If you feed in that sliced 2D array A[:,3:] to np.in1d, it would flatten it to a 1D array and compare with B for occurrences and thus create a 1D mask, which could be reshaped and used for boolean indexing into that sliced array to set the TRUE elements to zeros. A one-liner implementation would look something like this -
A[:,3:][np.in1d(A[:,3:],B).reshape(A.shape[0],-1)] = 0
Sample run -
In [37]: A
Out[37]:
array([[ 1, 1, 10, 101, 102, 103, 0, 0],
[ 2, 2, 10, 102, 108, 0, 0, 0],
[ 3, 3, 11, 101, 102, 106, 107, 108]])
In [38]: np.in1d(A[:,3:],B) # Flattened mask
Out[38]:
array([ True, False, False, False, False, False, True, False, False,
False, True, False, True, False, True], dtype=bool)

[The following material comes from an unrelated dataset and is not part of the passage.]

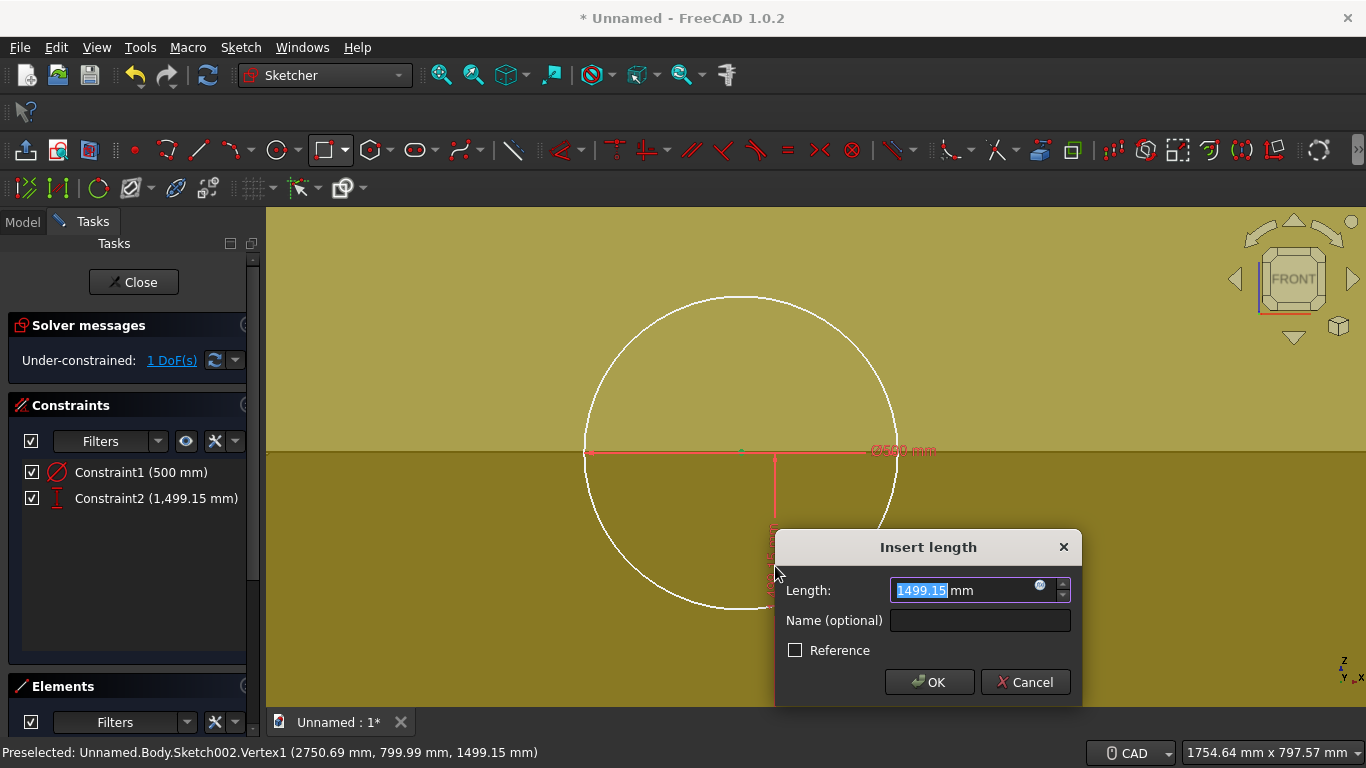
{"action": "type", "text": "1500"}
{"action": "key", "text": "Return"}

In [39]: np.in1d(A[:,3:],B).reshape(A.shape[0],-1) # Reshaped mask
Out[39]:
array([[ True, False, False, False, False],
[False, True, False, False, False],
[ True, False, True, False, True]], dtype=bool)
In [40]: A[:,3:][np.in1d(A[:,3:],B).reshape(A.shape[0],-1)] = 0 # Final code
In [41]: A
Out[41]:
array([[ 1, 1, 10, 0, 102, 103, 0, 0],
[ 2, 2, 10, 102, 0, 0, 0, 0],
[ 3, 3, 11, 0, 102, 0, 107, 0]])
To make things simpler, you could create a view of the flattened A and use the 1D mask obtained from np.in1d to have a more elegant solution. For a solution that changes only the sliced A[:,3:], you can use .flat and then index like so -
A[:,3:].flat[np.in1d(A[:,3:],B)] = 0
For a case when you would like to set matching ones across entire A, you can use .ravel() -
A.ravel()[np.in1d(A,B)] = 0
I know .ravel() is a view and from the docs, it seems .flat doesn't create a copy either, so these should be cheap.